We came back up from having an ultrasound. The tech wouldn’t tell us anything. The nurse came walking in and asked, “What did they say?” I then got extremely nervous and could see the look on her face change when I told her the tech wouldn’t say anything. My doctor came walking in. I knew it was something bad because it was now 4am in morning and my doctor is here. I could see it on her face and then she said the words that will haunt me the rest of my life, “She is gone.”
I looked over at Tony and he was staring thousands of miles away. My body began to shake again and I ran to the bathroom to throw up. I couldn’t believe it was real, it was happening to us, and she was gone.
Here's why we are raising funds...
Last year we spent Mother’s Day much different then we are spending it this year. Last year we saw you for the first time and found out you were a little girl. That was one of my happiest days of my life. The reality of seeing you and knowing who you were.
From that day on we spent the rest of the pregnancy imagining what life would be like raising a little girl. I was so happy imagining a little girl following her father around the garage. Our little daughter playing dress up with her mommy. We fell in love with you so fast and started to plan our future with you, everything was imagined with you here with us.
You are gone, and that is why life is so hard these days. We will never know what color eyes you had, what color your hair would have been, what you would look like as you grew. We never heard your first cry, first laugh, or watched you take your first steps. We never got to see you off for your first day of school, watch you get married or start a family of your own. Our family will always be different with out you here.

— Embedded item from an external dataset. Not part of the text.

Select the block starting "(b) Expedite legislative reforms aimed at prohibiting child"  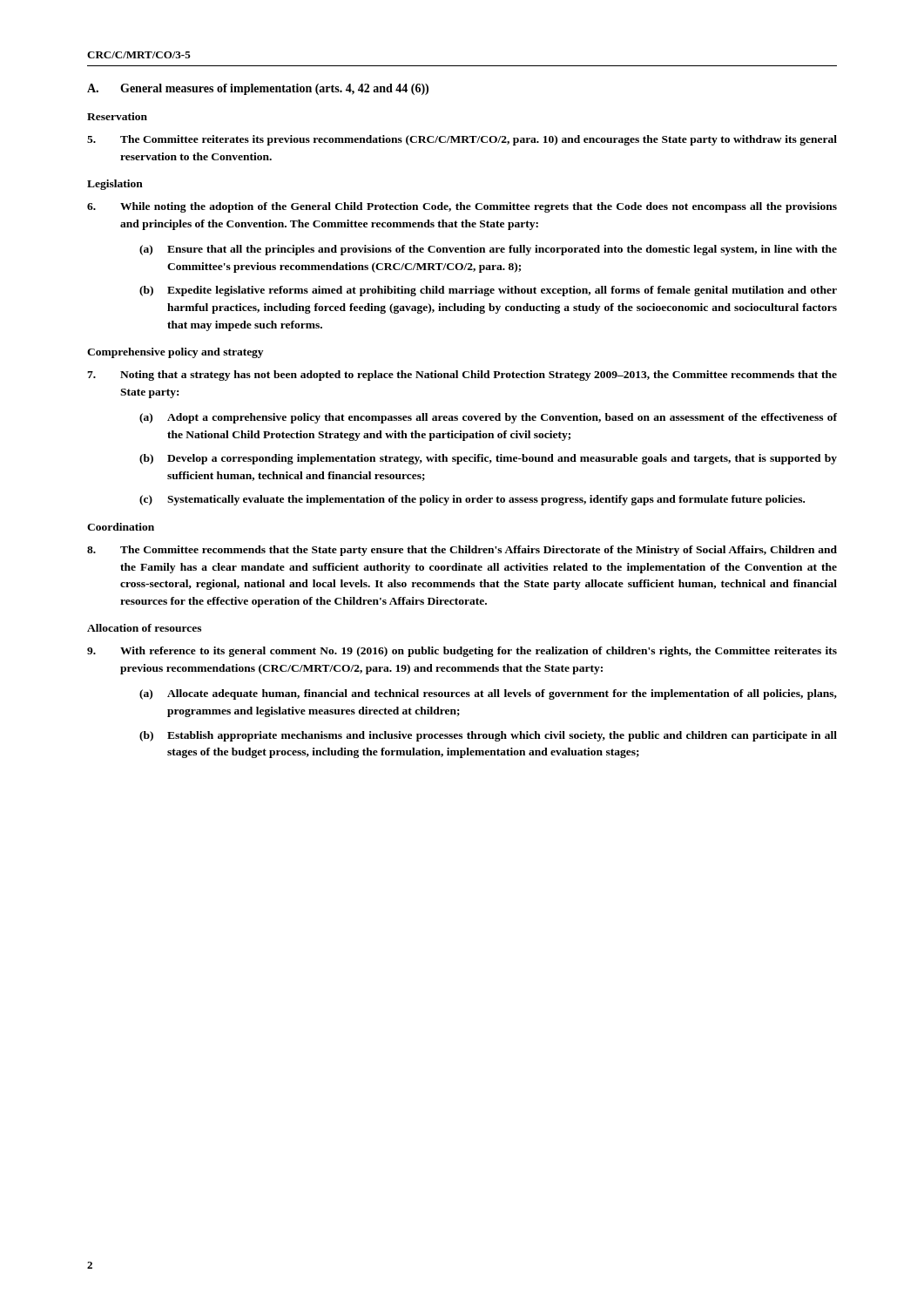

That’s why life is so different, so hard and full of pain. We have a lot of things we have to come to terms with. Things that will never make sense.
They are so hard because, you taught us what unconditional love is, what beauty is, what is like to love and lose. I could have never imagined life this way. Without you.
Losing you has changed me. I know an unimaginable love that exist in parents. Even though you are gone, I still worry about how you left, were you ok, did you suffer and are you okay now? So far from us physically but you make up every ounce of us mentally and spiritually.
You taught me how strong I am. How strong our marriage is. Our rose colored glasses have been shattered and we can see things differently then we ever imagined. Our beliefs about what life on earth is about and why things happen is this world. You taught me the importance of compassion, understanding, and how to be a better person.
We fight everyday to be the people we used to be. We will never be exactly those people again and that’s ok. Losing you makes me want to be a better person, wife, friend and mother than I ever could have been.
Last Mother’s Day you were here and I felt like I wasn’t a mother yet. This year you are gone and I feel more like a mother than I ever have because, you taught us what is like to love your child so unconditionally that even in death we still feel the love for you over anything else. I love you more than you will ever know, our beautiful Berkley.